Siamo negli anni trenta dell’ottocento, provincia dell’Angouleme. Lucien (Benjamin Voisin), figlio di farmacista e mamma di origine aristocratica, è un ragazzotto di campagna dal furore letterario un po’ Barry Lyndon (il carattere del personaggio, non il film) e un po’ D’Artagnan. Per amore (e sesso) della bella contessa Louise (Cecile de France) che ne apprezza le doti di poeta, si trasferisce segretamente a Parigi per non creare ulteriore scandali. Solo che nella capitale traffica e tentacolare, ruoli e lignaggio, identità e dinamiche sono identiche a quelle delle campagna. Il ragazzo verrà prima allontanato dal nobile entourage, si dedicherà ad umili lavori fino all’incontro il giovane direttore di un quotidiano provocatore che lo ingaggia come giornalista, ma soprattutto recensore di libri e spettacoli.
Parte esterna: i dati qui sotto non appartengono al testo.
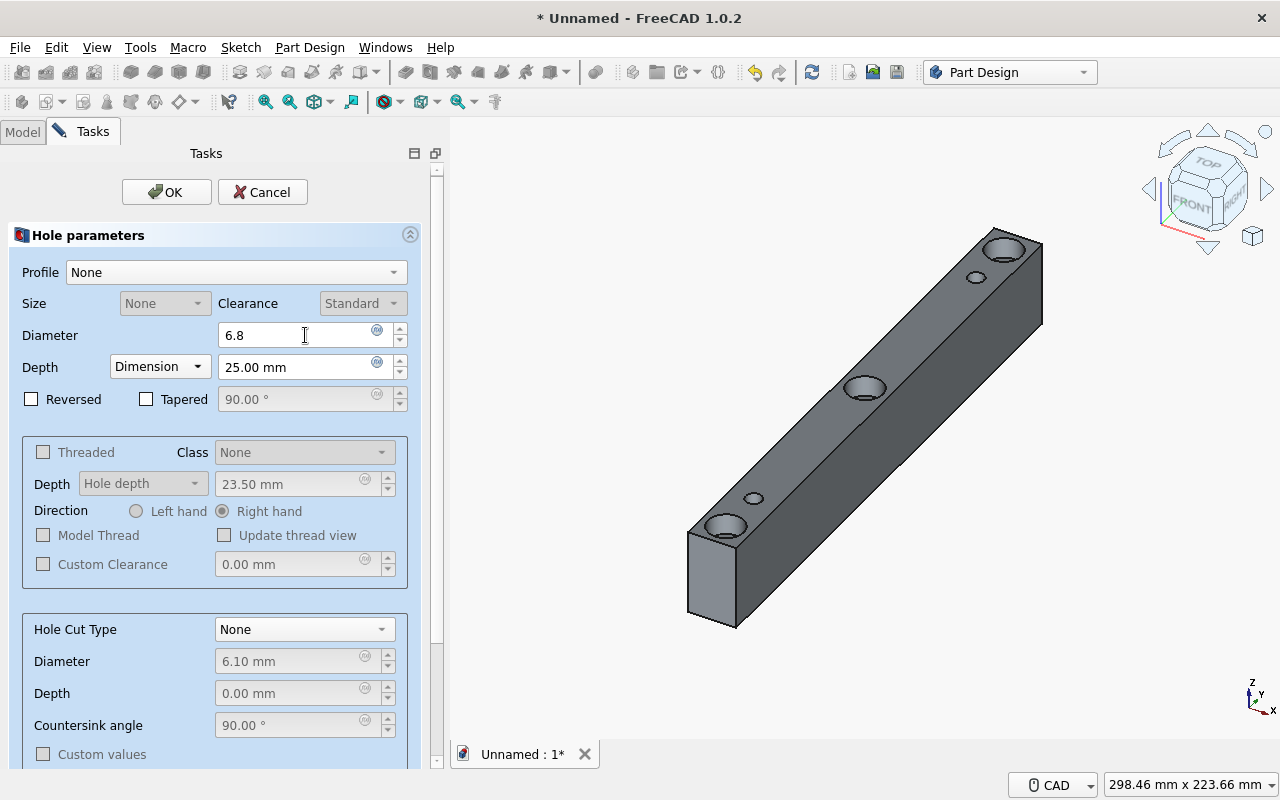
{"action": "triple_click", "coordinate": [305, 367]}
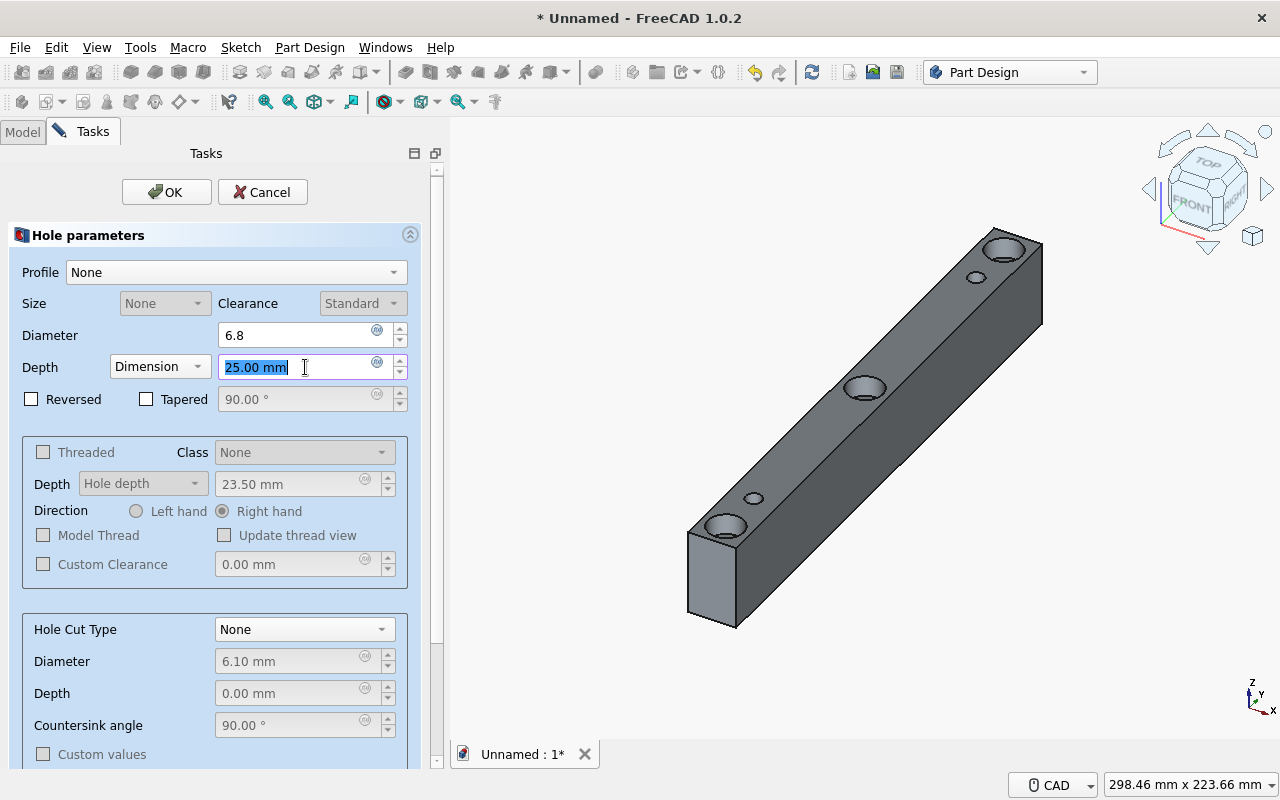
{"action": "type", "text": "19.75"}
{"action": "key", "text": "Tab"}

È se fino a questo punto il realismo sociale di Balzac lo si era potuto confondere tra tanti melodrammi coevi, ecco che il realismo politico tout court del romanziere francese esplode in tutta la sua sapiente, precisa e graffiante forza proprio nel descrivere ipocrisia, doppiogiochismo, meretricio della classe giornalistica dell’epoca (e dell’oggi?).
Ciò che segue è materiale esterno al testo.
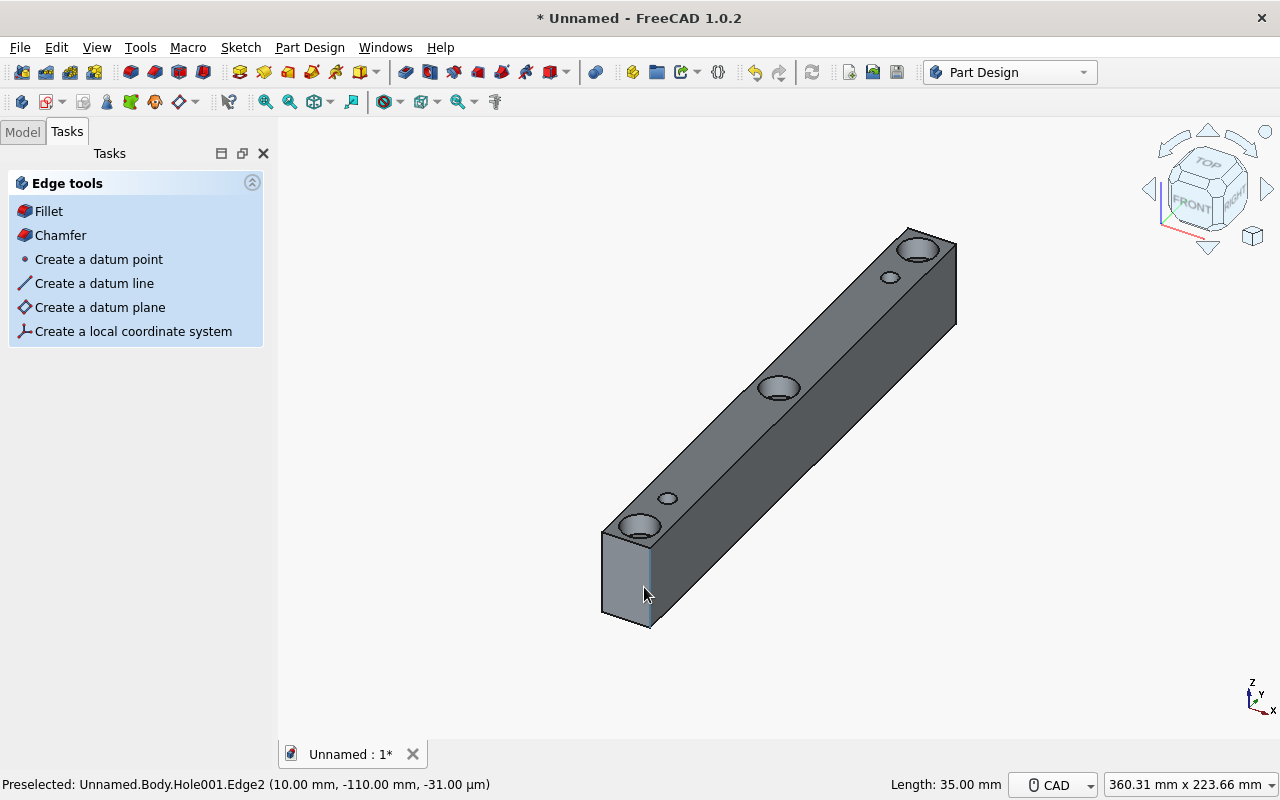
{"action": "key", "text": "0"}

Ad esempio: la recensione di un libro può essere scritta in un modo e nel suo opposto, basta fare polemica, quindi vendere e tenere in fibrillazione il mercato. La stampa in piena restaurazione postnapoleonica è questa roba qui. I denari girano, la fama dei critici voltagabbana è effimera, l’aristocrazia con un batter di ciglia restaurerà ogni cosa non senza aver fatto entrare dall’uscio principale nuove forme di dominio industriale (qui la pubblicità che appare franca in strada e nei negozi). Curiosa infine, ma l’episodio sarà tutto da gustare in sala quando il film uscirà, è l’organizzazione millimetrica della super claque organizzata ogni sera in tutti i teatrini di Parigi da un sornione vecchietto che dirige un gruppo nutrito di “spettatori” prezzolati che passano, a seconda di chi paga di più, dagli applausi sperticati al lancio di ortaggi. Insomma, Illusioni perdute è film sì classicista, ma dove la macchina da presa di Giannoli è terribilmente a suo agio tra stucchi, specchi opachi, stivali, fazzoletti delle dame, alti colletti inamidati, tozzi di pane e miserie umane. Cinema produttivamente oneroso, narrativamente compatto nonostante i cambi di passo di Balzac in origine, didattico e sornione nel misurare l’anima marcia del mondo della stampa. Si veda soltanto la spiegazione – già nella Francia dell’800 – della nozione del termine “bufala”, o del doppio ricavo per un giornale tra notizia e smentita, in mezzo alla brulicante e guascona frenesia di una redazione come quella in cui lavora il protagonista Lucien.